HDFS - How to recover corrupted HDFS metadata in Hadoop 1.2.X?

You might have Hadoop in your production. And sometimes Tera-bytes of data is residing in Hadoop. HDFS metadata can get corrupted. Namenode won't start in such cases. When you check Namenode logs you might see exceptions.

ERROR org.apache.hadoop.dfs.NameNode: java.io.EOFException
    at java.io.DataInputStream.readFully(DataInputStream.java:178)
    at org.apache.hadoop.io.UTF8.readFields(UTF8.java:106)
    at org.apache.hadoop.io.ArrayWritable.readFields(ArrayWritable.java:90)
    at org.apache.hadoop.dfs.FSEditLog.loadFSEdits(FSEditLog.java:433)
    at org.apache.hadoop.dfs.FSImage.loadFSEdits(FSImage.java:759)
    at org.apache.hadoop.dfs.FSImage.loadFSImage(FSImage.java:639)
    at org.apache.hadoop.dfs.FSImage.recoverTransitionRead(FSImage.java:222)
    at org.apache.hadoop.dfs.FSDirectory.loadFSImage(FSDirectory.java:79)
    at org.apache.hadoop.dfs.FSNamesystem.initialize(FSNamesystem.java:254)
    at org.apache.hadoop.dfs.FSNamesystem.<init>(FSNamesystem.java:235)
    at org.apache.hadoop.dfs.NameNode.initialize(NameNode.java:131)
    at org.apache.hadoop.dfs.NameNode.<init>(NameNode.java:176)
    at org.apache.hadoop.dfs.NameNode.<init>(NameNode.java:162)
    at org.apache.hadoop.dfs.NameNode.createNameNode(NameNode.java:846)
    at org.apache.hadoop.dfs.NameNode.main(NameNode.java:855)
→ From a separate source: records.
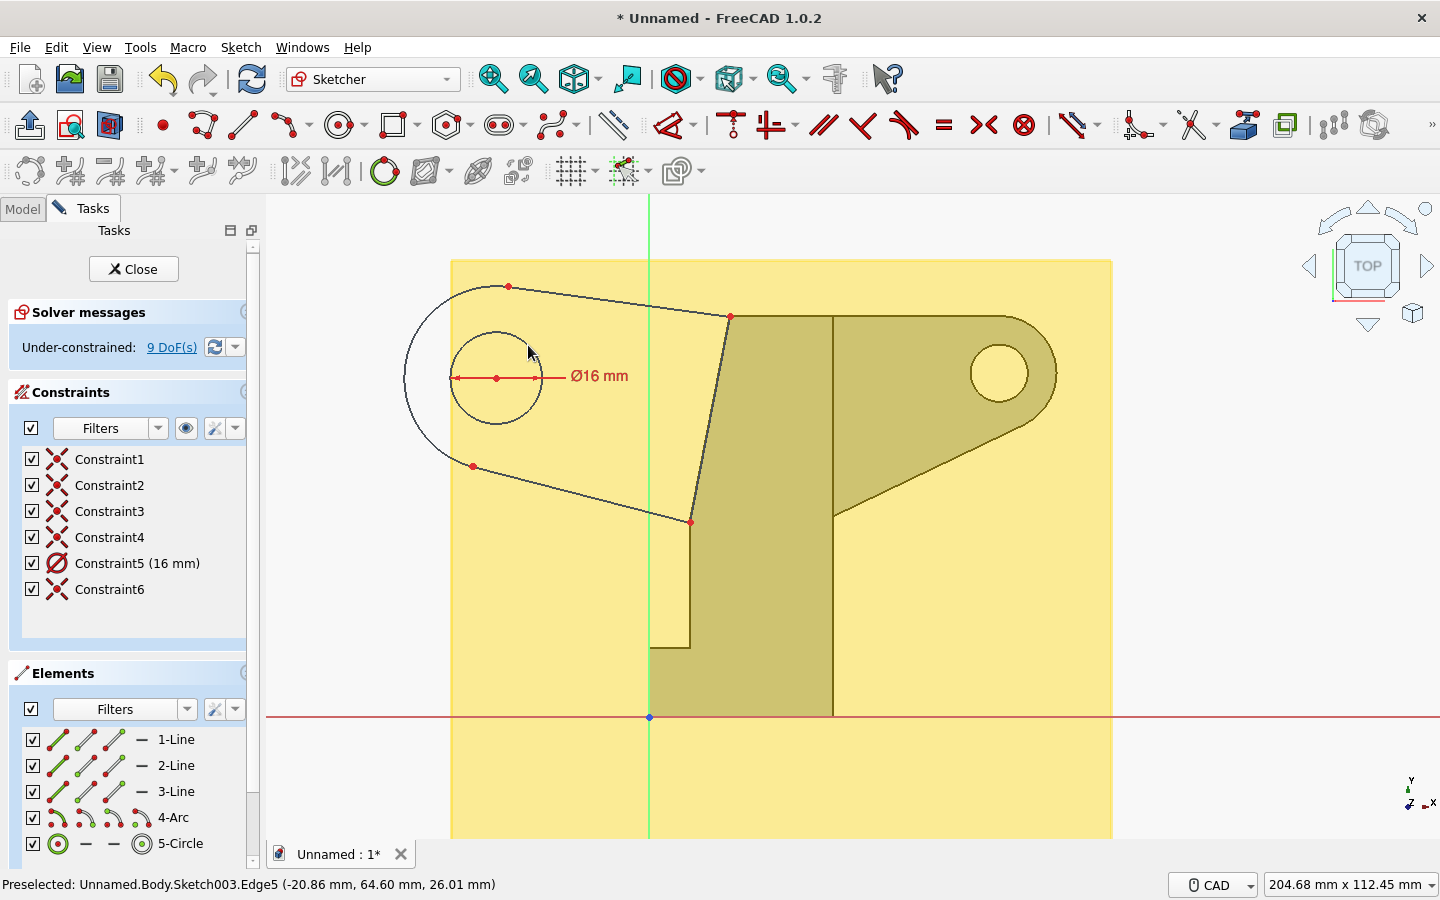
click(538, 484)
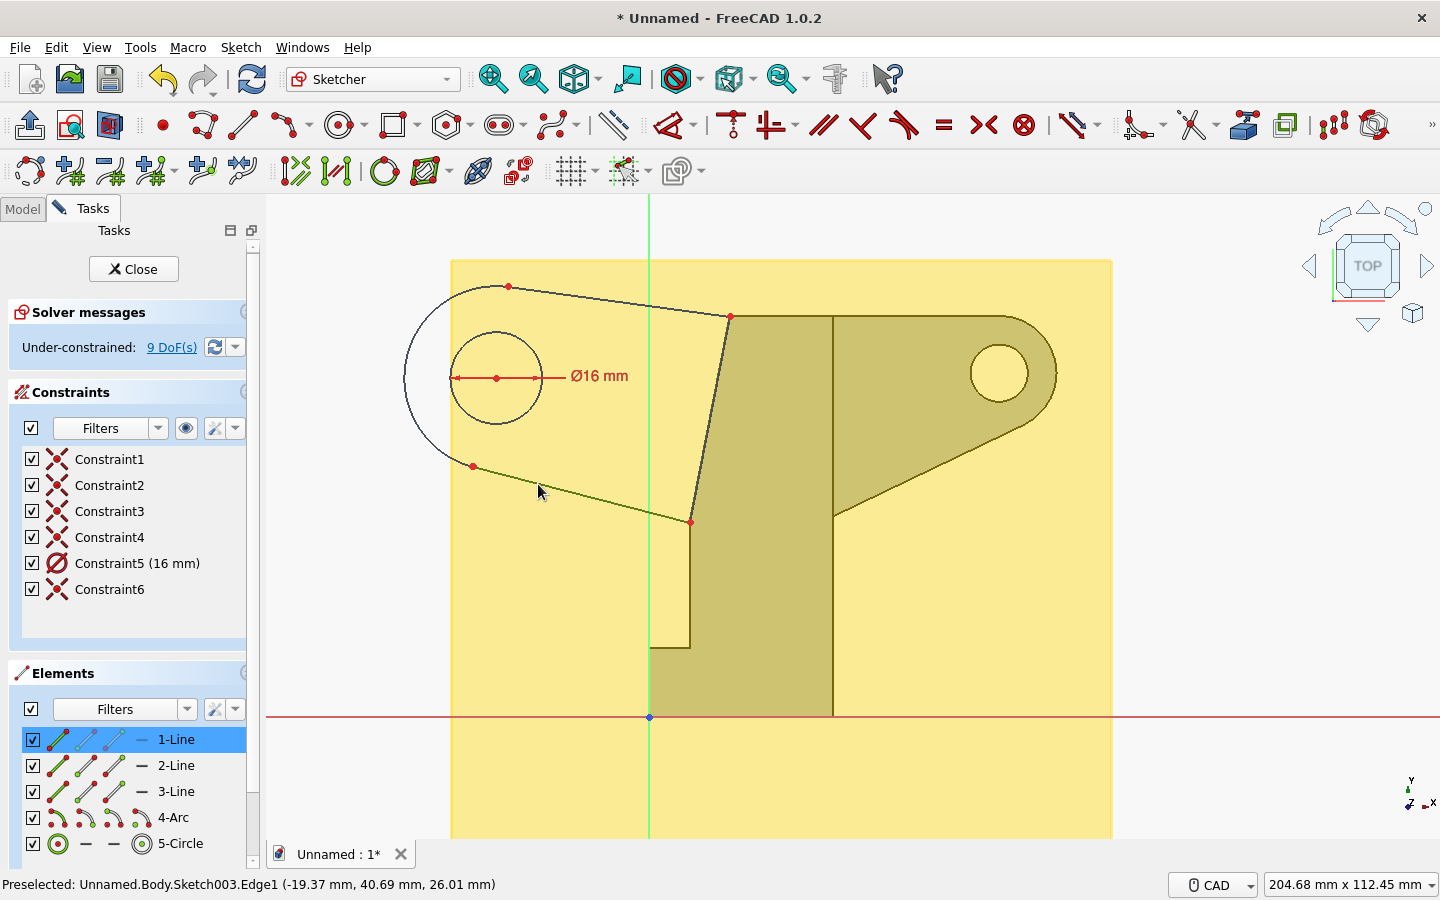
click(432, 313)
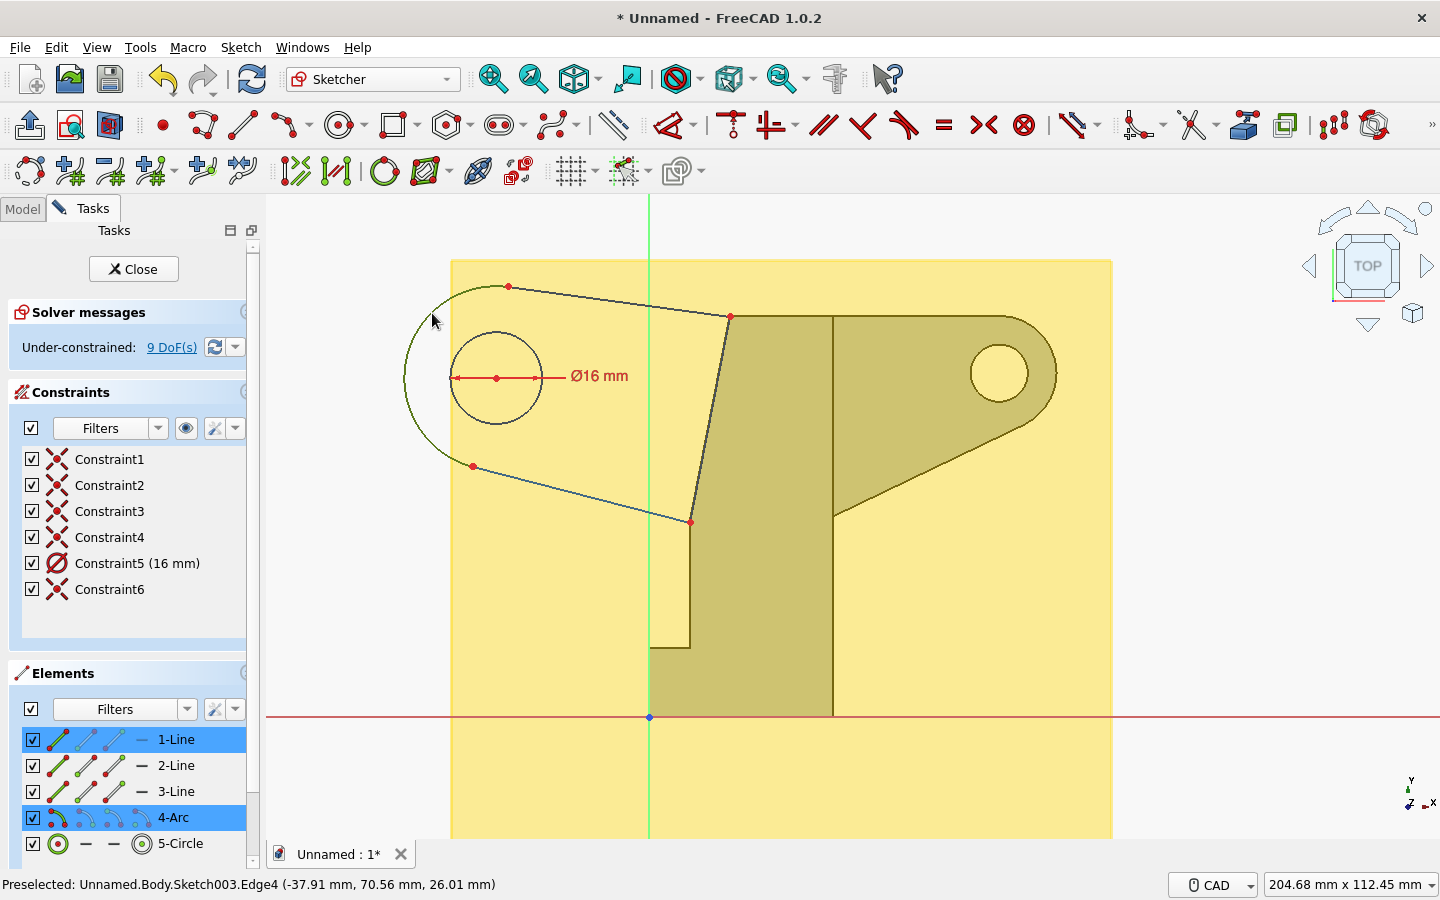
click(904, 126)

If you have a development environment, you can always format the HDFS and continue. This blog posts even suggest that - https://autofei.wordpress.com/2011/03/27/hadoop-namenode-failed-and-reset/


So Hadoop Administrators can't format HDFS simply. But you can recover your HDFS to last checkpoint. You might lose some data files. But more than 90% of the data might be safe. Let's see how to recover corrupted HDFS metadata.

Hadoop is creating checkpoints periodically in Namenode folder. You might see three folders in Namenode directory. They are
  1. current
  2. image
  3. previous.checkpoint

the current folder must be corrupted most probably.
  • Stop all the Hadoop services from all the nodes.
  • Backup both "current" and "previous.checkpoint" directories. 
  • Delete "current" directory. 
  • Rename "previous.checkpoint" to "current"
  • Restart Hadoop services. 

Steps I followed I have mentioned above. Below commands were run to recover the HDFS. Commands might slightly change depending on your installation.

cd <namenode.dir>
cp -r current current.old
cp -r previous.checkpoint previous.checkpoint.old
mv previous.checkpoint current

That's all!!!! Everything was okay after that!